Es liegt wohl daran, dass er nie von Zeile 5 wegkommt, da br.readLine() nie fertig wird wenn es nichts mehr zu holen gibt .. nur wie kann ich das verhindern  :?:


----------



## Murray (8. Jun 2006)

Einwegdose hat gesagt.:
			
		

> Leider funktioniert ja die Methode br.ready() nicht, da diese ja immer "false" zurückgibt (wieso eigentlich ?).


ready() liefert dann true, wenn man aus dem Stream mindestens ein Zeichen lesen kann, ohne dass die read-Methode blockiert (also wartet, bis wieder Daten zur Verfügung stehen).
Wenn ready() false liefert, dann kann man in diesem Moment keine Daten lesen; das bedeutet aber nicht, dass nicht irgendwann nochmal Daten kommen.

Wenn Du von einem Server so Daten lesen willst, dann musst Du entweder vorab wissen, wieviel Bytes oder auch Zeilen kommen werden, beim Lesen der Daten diese Information ermitteln (siehe den Content-Length-Heder in HTTP), oder aber einen Timeout verwenden (also wenn ready() eine gewisse Zeit lang immer false zurückgeliefert hat annehmen, dass keine Daten mehr kommen werdn).


----------



## meez (9. Jun 2006)

Einwegdose hat gesagt.:
			
		

> Ich weiss nicht, ob 50 Zeilen, 100 Zeilen oder 33 Zeilen kommen.

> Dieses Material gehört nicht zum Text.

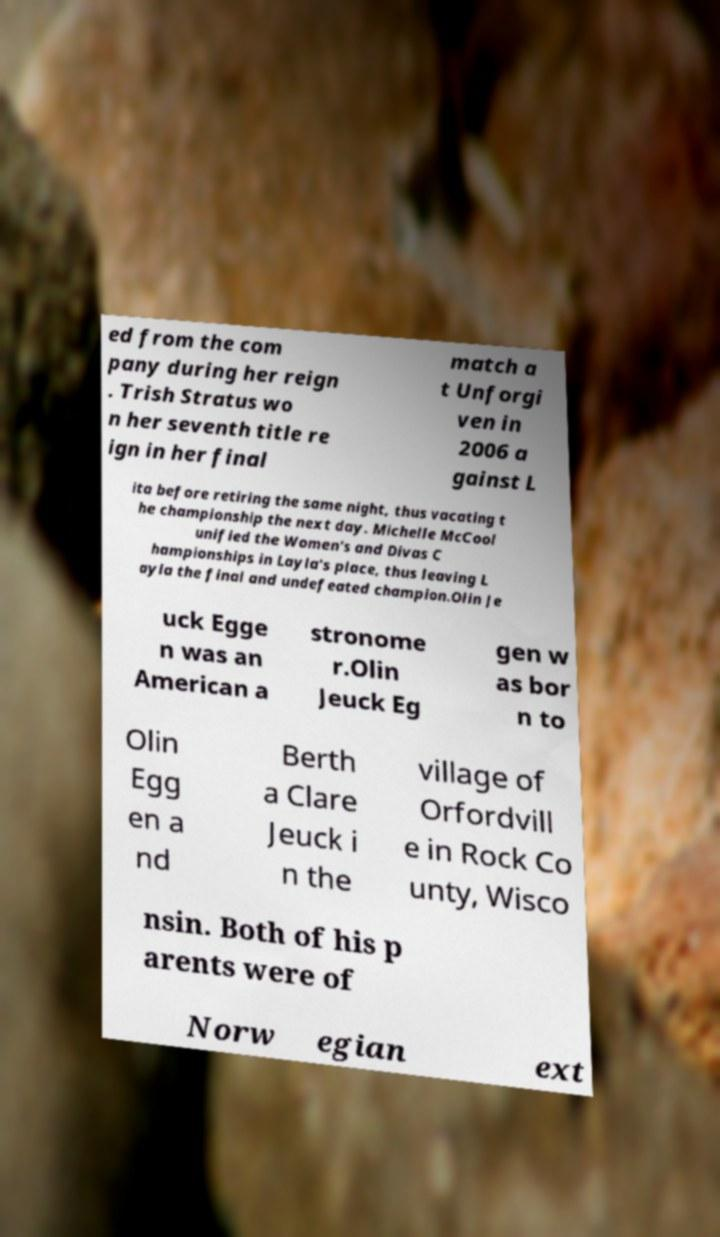Please read and relay the text visible in this image. What does it say? ed from the com pany during her reign . Trish Stratus wo n her seventh title re ign in her final match a t Unforgi ven in 2006 a gainst L ita before retiring the same night, thus vacating t he championship the next day. Michelle McCool unified the Women's and Divas C hampionships in Layla's place, thus leaving L ayla the final and undefeated champion.Olin Je uck Egge n was an American a stronome r.Olin Jeuck Eg gen w as bor n to Olin Egg en a nd Berth a Clare Jeuck i n the village of Orfordvill e in Rock Co unty, Wisco nsin. Both of his p arents were of Norw egian ext 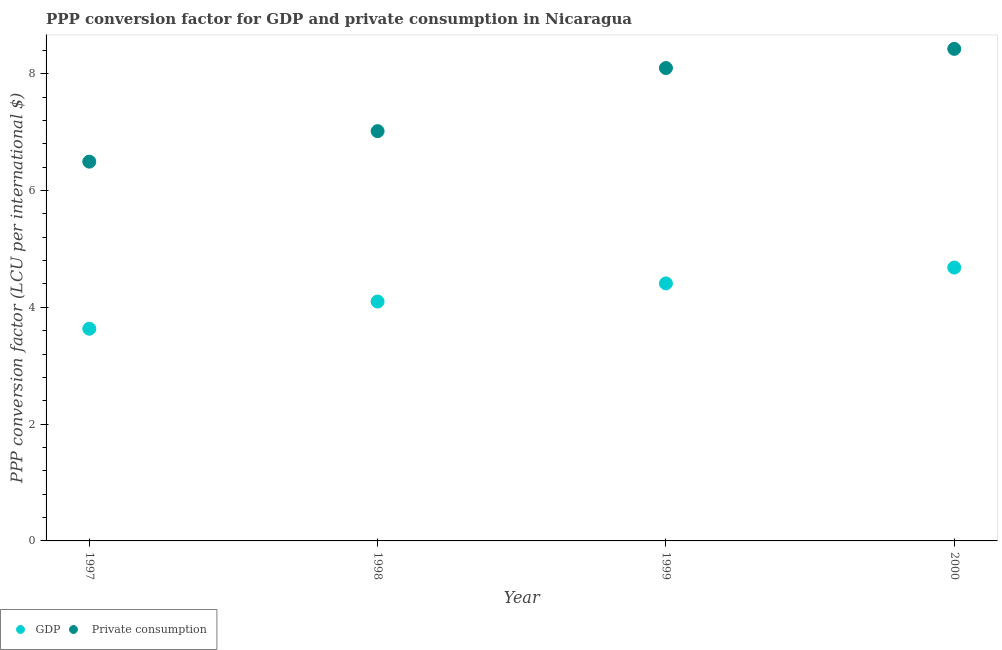How many different coloured dotlines are there?
Keep it short and to the point. 2. What is the ppp conversion factor for private consumption in 1998?
Your answer should be compact. 7.02. Across all years, what is the maximum ppp conversion factor for private consumption?
Keep it short and to the point. 8.43. Across all years, what is the minimum ppp conversion factor for private consumption?
Your answer should be compact. 6.49. What is the total ppp conversion factor for gdp in the graph?
Ensure brevity in your answer.  16.82. What is the difference between the ppp conversion factor for private consumption in 1998 and that in 1999?
Offer a terse response. -1.08. What is the difference between the ppp conversion factor for gdp in 1999 and the ppp conversion factor for private consumption in 2000?
Offer a terse response. -4.02. What is the average ppp conversion factor for gdp per year?
Ensure brevity in your answer.  4.21. In the year 1998, what is the difference between the ppp conversion factor for gdp and ppp conversion factor for private consumption?
Your answer should be very brief. -2.92. In how many years, is the ppp conversion factor for gdp greater than 6.8 LCU?
Your answer should be compact. 0. What is the ratio of the ppp conversion factor for gdp in 1997 to that in 1999?
Your response must be concise. 0.82. What is the difference between the highest and the second highest ppp conversion factor for gdp?
Keep it short and to the point. 0.27. What is the difference between the highest and the lowest ppp conversion factor for gdp?
Offer a terse response. 1.05. In how many years, is the ppp conversion factor for gdp greater than the average ppp conversion factor for gdp taken over all years?
Your answer should be very brief. 2. Is the sum of the ppp conversion factor for private consumption in 1999 and 2000 greater than the maximum ppp conversion factor for gdp across all years?
Offer a very short reply. Yes. Does the ppp conversion factor for gdp monotonically increase over the years?
Give a very brief answer. Yes. Is the ppp conversion factor for private consumption strictly greater than the ppp conversion factor for gdp over the years?
Keep it short and to the point. Yes. How many years are there in the graph?
Your answer should be very brief. 4. What is the difference between two consecutive major ticks on the Y-axis?
Provide a short and direct response. 2. Does the graph contain any zero values?
Your answer should be very brief. No. Does the graph contain grids?
Make the answer very short. No. Where does the legend appear in the graph?
Keep it short and to the point. Bottom left. How many legend labels are there?
Your answer should be very brief. 2. How are the legend labels stacked?
Offer a very short reply. Horizontal. What is the title of the graph?
Offer a terse response. PPP conversion factor for GDP and private consumption in Nicaragua. Does "Investment" appear as one of the legend labels in the graph?
Make the answer very short. No. What is the label or title of the X-axis?
Make the answer very short. Year. What is the label or title of the Y-axis?
Your answer should be compact. PPP conversion factor (LCU per international $). What is the PPP conversion factor (LCU per international $) of GDP in 1997?
Your answer should be compact. 3.63. What is the PPP conversion factor (LCU per international $) of  Private consumption in 1997?
Your answer should be compact. 6.49. What is the PPP conversion factor (LCU per international $) of GDP in 1998?
Your answer should be compact. 4.1. What is the PPP conversion factor (LCU per international $) in  Private consumption in 1998?
Make the answer very short. 7.02. What is the PPP conversion factor (LCU per international $) in GDP in 1999?
Make the answer very short. 4.41. What is the PPP conversion factor (LCU per international $) of  Private consumption in 1999?
Your answer should be compact. 8.1. What is the PPP conversion factor (LCU per international $) of GDP in 2000?
Ensure brevity in your answer.  4.68. What is the PPP conversion factor (LCU per international $) in  Private consumption in 2000?
Keep it short and to the point. 8.43. Across all years, what is the maximum PPP conversion factor (LCU per international $) in GDP?
Your answer should be compact. 4.68. Across all years, what is the maximum PPP conversion factor (LCU per international $) in  Private consumption?
Offer a terse response. 8.43. Across all years, what is the minimum PPP conversion factor (LCU per international $) of GDP?
Your response must be concise. 3.63. Across all years, what is the minimum PPP conversion factor (LCU per international $) in  Private consumption?
Make the answer very short. 6.49. What is the total PPP conversion factor (LCU per international $) in GDP in the graph?
Ensure brevity in your answer.  16.82. What is the total PPP conversion factor (LCU per international $) in  Private consumption in the graph?
Your response must be concise. 30.04. What is the difference between the PPP conversion factor (LCU per international $) of GDP in 1997 and that in 1998?
Make the answer very short. -0.47. What is the difference between the PPP conversion factor (LCU per international $) of  Private consumption in 1997 and that in 1998?
Provide a short and direct response. -0.52. What is the difference between the PPP conversion factor (LCU per international $) in GDP in 1997 and that in 1999?
Your answer should be very brief. -0.78. What is the difference between the PPP conversion factor (LCU per international $) in  Private consumption in 1997 and that in 1999?
Offer a very short reply. -1.6. What is the difference between the PPP conversion factor (LCU per international $) in GDP in 1997 and that in 2000?
Keep it short and to the point. -1.05. What is the difference between the PPP conversion factor (LCU per international $) of  Private consumption in 1997 and that in 2000?
Offer a very short reply. -1.93. What is the difference between the PPP conversion factor (LCU per international $) in GDP in 1998 and that in 1999?
Your answer should be very brief. -0.31. What is the difference between the PPP conversion factor (LCU per international $) in  Private consumption in 1998 and that in 1999?
Provide a succinct answer. -1.08. What is the difference between the PPP conversion factor (LCU per international $) of GDP in 1998 and that in 2000?
Offer a terse response. -0.58. What is the difference between the PPP conversion factor (LCU per international $) in  Private consumption in 1998 and that in 2000?
Make the answer very short. -1.41. What is the difference between the PPP conversion factor (LCU per international $) of GDP in 1999 and that in 2000?
Make the answer very short. -0.27. What is the difference between the PPP conversion factor (LCU per international $) in  Private consumption in 1999 and that in 2000?
Provide a short and direct response. -0.33. What is the difference between the PPP conversion factor (LCU per international $) of GDP in 1997 and the PPP conversion factor (LCU per international $) of  Private consumption in 1998?
Give a very brief answer. -3.38. What is the difference between the PPP conversion factor (LCU per international $) of GDP in 1997 and the PPP conversion factor (LCU per international $) of  Private consumption in 1999?
Provide a succinct answer. -4.46. What is the difference between the PPP conversion factor (LCU per international $) in GDP in 1997 and the PPP conversion factor (LCU per international $) in  Private consumption in 2000?
Your answer should be compact. -4.79. What is the difference between the PPP conversion factor (LCU per international $) in GDP in 1998 and the PPP conversion factor (LCU per international $) in  Private consumption in 1999?
Keep it short and to the point. -4. What is the difference between the PPP conversion factor (LCU per international $) of GDP in 1998 and the PPP conversion factor (LCU per international $) of  Private consumption in 2000?
Make the answer very short. -4.33. What is the difference between the PPP conversion factor (LCU per international $) of GDP in 1999 and the PPP conversion factor (LCU per international $) of  Private consumption in 2000?
Make the answer very short. -4.02. What is the average PPP conversion factor (LCU per international $) in GDP per year?
Your answer should be very brief. 4.21. What is the average PPP conversion factor (LCU per international $) in  Private consumption per year?
Give a very brief answer. 7.51. In the year 1997, what is the difference between the PPP conversion factor (LCU per international $) of GDP and PPP conversion factor (LCU per international $) of  Private consumption?
Provide a short and direct response. -2.86. In the year 1998, what is the difference between the PPP conversion factor (LCU per international $) in GDP and PPP conversion factor (LCU per international $) in  Private consumption?
Make the answer very short. -2.92. In the year 1999, what is the difference between the PPP conversion factor (LCU per international $) of GDP and PPP conversion factor (LCU per international $) of  Private consumption?
Your response must be concise. -3.69. In the year 2000, what is the difference between the PPP conversion factor (LCU per international $) in GDP and PPP conversion factor (LCU per international $) in  Private consumption?
Make the answer very short. -3.75. What is the ratio of the PPP conversion factor (LCU per international $) of GDP in 1997 to that in 1998?
Offer a terse response. 0.89. What is the ratio of the PPP conversion factor (LCU per international $) in  Private consumption in 1997 to that in 1998?
Ensure brevity in your answer.  0.93. What is the ratio of the PPP conversion factor (LCU per international $) of GDP in 1997 to that in 1999?
Offer a very short reply. 0.82. What is the ratio of the PPP conversion factor (LCU per international $) of  Private consumption in 1997 to that in 1999?
Your answer should be compact. 0.8. What is the ratio of the PPP conversion factor (LCU per international $) of GDP in 1997 to that in 2000?
Keep it short and to the point. 0.78. What is the ratio of the PPP conversion factor (LCU per international $) of  Private consumption in 1997 to that in 2000?
Give a very brief answer. 0.77. What is the ratio of the PPP conversion factor (LCU per international $) in GDP in 1998 to that in 1999?
Make the answer very short. 0.93. What is the ratio of the PPP conversion factor (LCU per international $) of  Private consumption in 1998 to that in 1999?
Offer a very short reply. 0.87. What is the ratio of the PPP conversion factor (LCU per international $) in GDP in 1998 to that in 2000?
Give a very brief answer. 0.88. What is the ratio of the PPP conversion factor (LCU per international $) in  Private consumption in 1998 to that in 2000?
Give a very brief answer. 0.83. What is the ratio of the PPP conversion factor (LCU per international $) in GDP in 1999 to that in 2000?
Offer a very short reply. 0.94. What is the ratio of the PPP conversion factor (LCU per international $) of  Private consumption in 1999 to that in 2000?
Keep it short and to the point. 0.96. What is the difference between the highest and the second highest PPP conversion factor (LCU per international $) of GDP?
Offer a very short reply. 0.27. What is the difference between the highest and the second highest PPP conversion factor (LCU per international $) of  Private consumption?
Offer a terse response. 0.33. What is the difference between the highest and the lowest PPP conversion factor (LCU per international $) of GDP?
Your answer should be very brief. 1.05. What is the difference between the highest and the lowest PPP conversion factor (LCU per international $) in  Private consumption?
Offer a very short reply. 1.93. 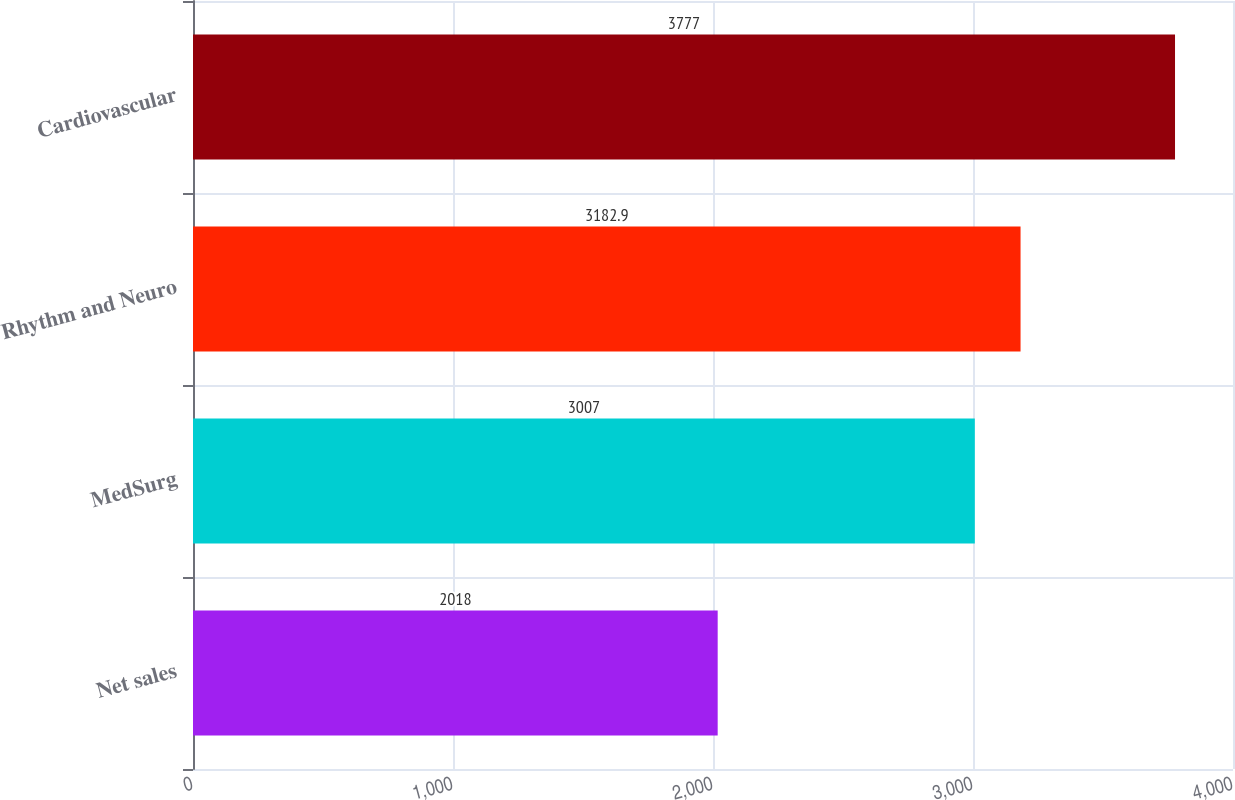Convert chart to OTSL. <chart><loc_0><loc_0><loc_500><loc_500><bar_chart><fcel>Net sales<fcel>MedSurg<fcel>Rhythm and Neuro<fcel>Cardiovascular<nl><fcel>2018<fcel>3007<fcel>3182.9<fcel>3777<nl></chart>

Leider funktioniert ja die Methode br.ready() nicht, da diese ja immer "false"



Wie schonmal gesegt, wird, wenn du auf einen FTP Server connectest, nie mehr als eine Zeile kommen.



			
				Einwegdose hat gesagt.:
			
		

> Es liegt wohl daran, dass er nie von Zeile 5 wegkommt, da br.readLine() nie fertig wird wenn es nichts mehr zu holen gibt .. nur wie kann ich das verhindern  :?:



Schliessen des Streams...das würde aber bedeuten, dass dein Program an mindestens einer Stelle weiterlaufen müsste Threads...
Du könntest natürlich auch ein wenig faken...Schick dem Server halt einen FTP quit Befehl...(SocketOutputStream)


Oder, geh halt auf einen HTTP Server, bis du genau weisst, wie man mit Protokollen umgehen muss  (Erleichtert für den Anfang einiges)


----------